Our editor contemplates new shoots in more ways than one.

People often ask me if I miss our old house and I always say it’s mostly the garden, which we planted when Ira was nine months old in between his naps, and which in my head seemed to grow at the same rate he did.

When we moved here there was no garden, just some empty beds and a thicket of noxious privet trees behind the falling-down fence up the back, although there was a particularly beautiful and very old plum tree.

We suspected we owned the privets but we weren’t sure, so we got a survey done to confirm it: the day the survey came in, I poisoned them. Allegedly, it takes them six weeks to die. Two weeks later there was a big storm and I watched as the leaves, still green, came off the trees in great drifts, swirling to the ground like the plastic bag at the start of American Beauty.

And then: nothing. For two years, we looked at dead privets because we couldn’t work out what was happening – to either the garden or the house – and I kind of wished we’d left them because at least we couldn’t see the neighbours before.

Finally, in January, we bit the bullet. I got on the chainsaw (unlikely, I know) and took down the trees, which I have now spent a happy winter burning since they’re perfectly seasoned after being dead for two years. Our builders Dwayne and Troy came around and built a very nice new retaining wall and a very nice new fence on our very nice new boundary. We painted the fence, and then we brought in trailer loads of compost and mulch, and I sprained my ankle and spent Easter in bed, but that’s another story.

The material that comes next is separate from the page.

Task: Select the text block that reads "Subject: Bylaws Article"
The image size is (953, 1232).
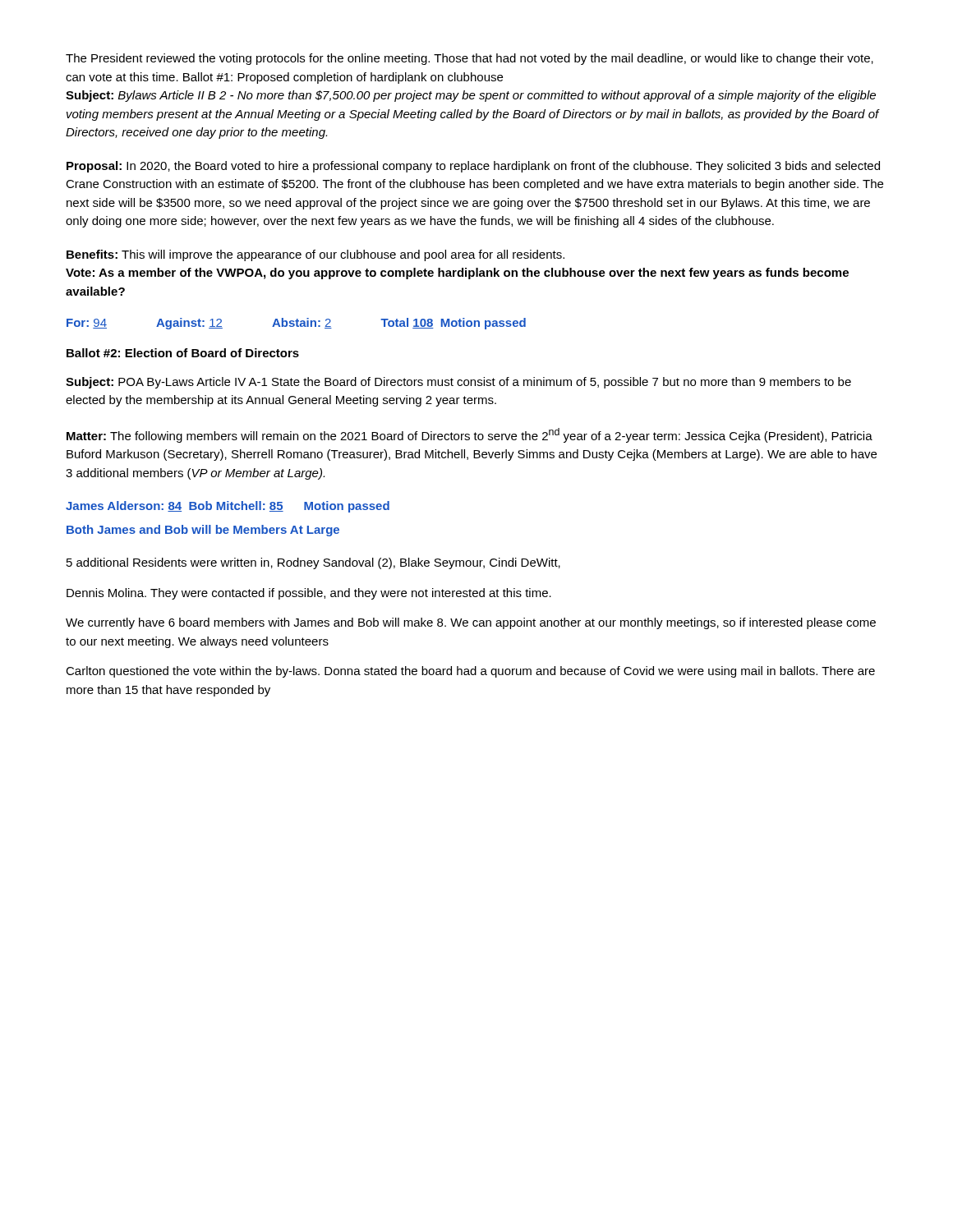Action: (472, 113)
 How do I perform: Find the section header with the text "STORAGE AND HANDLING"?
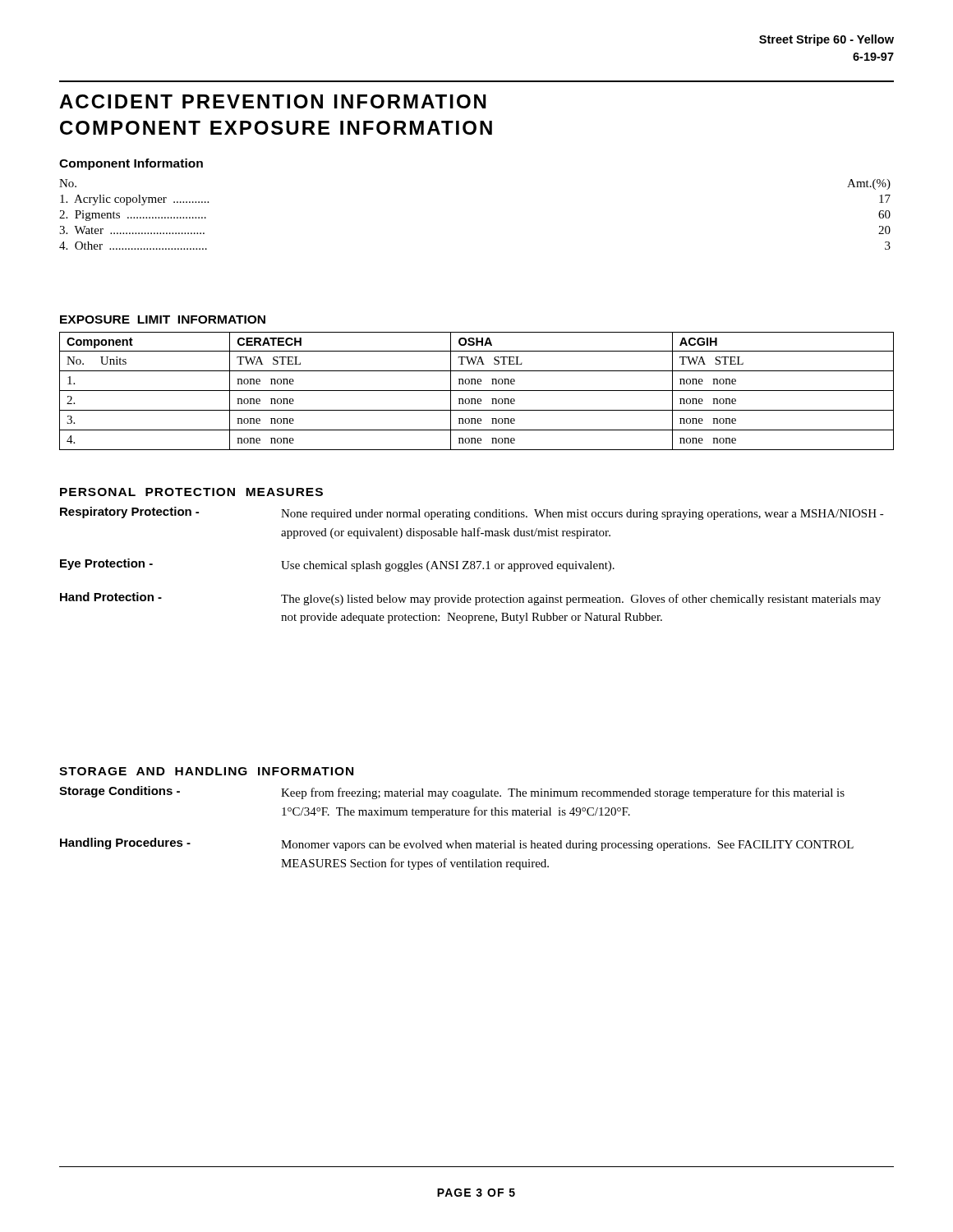coord(207,771)

Then finally – and I do mean, finally – last weekend, we got planting. There are new trees for birds on the neighbour’s side to screen us both, and there are miniature toi toi and coprosmas and a creeping Ticomanthes and about 100 other varieties: we are not minimalist gardeners.

The scope has crept: somewhere along the line I managed to convince Hannah we should take out the lawn in the front, too, and turn that into garden (sponge cities!). Then we got a bit overwhelmed and had to ring Zoë the garden designer to rescue us, and she came around and did some really beautiful sketches and suggested plants that we never would have thought of, and things got back on track.

The plants are in the ground and they’re growing, and now it’s started to rain – a soft, springy rain, even though it’s only mid-August. Winter is nearly done, the Official Cash Rate just went down for the first time since 2020 and it feels like things are turning the corner. I can see the oi ois moving in the breeze.

New beginnings indeed.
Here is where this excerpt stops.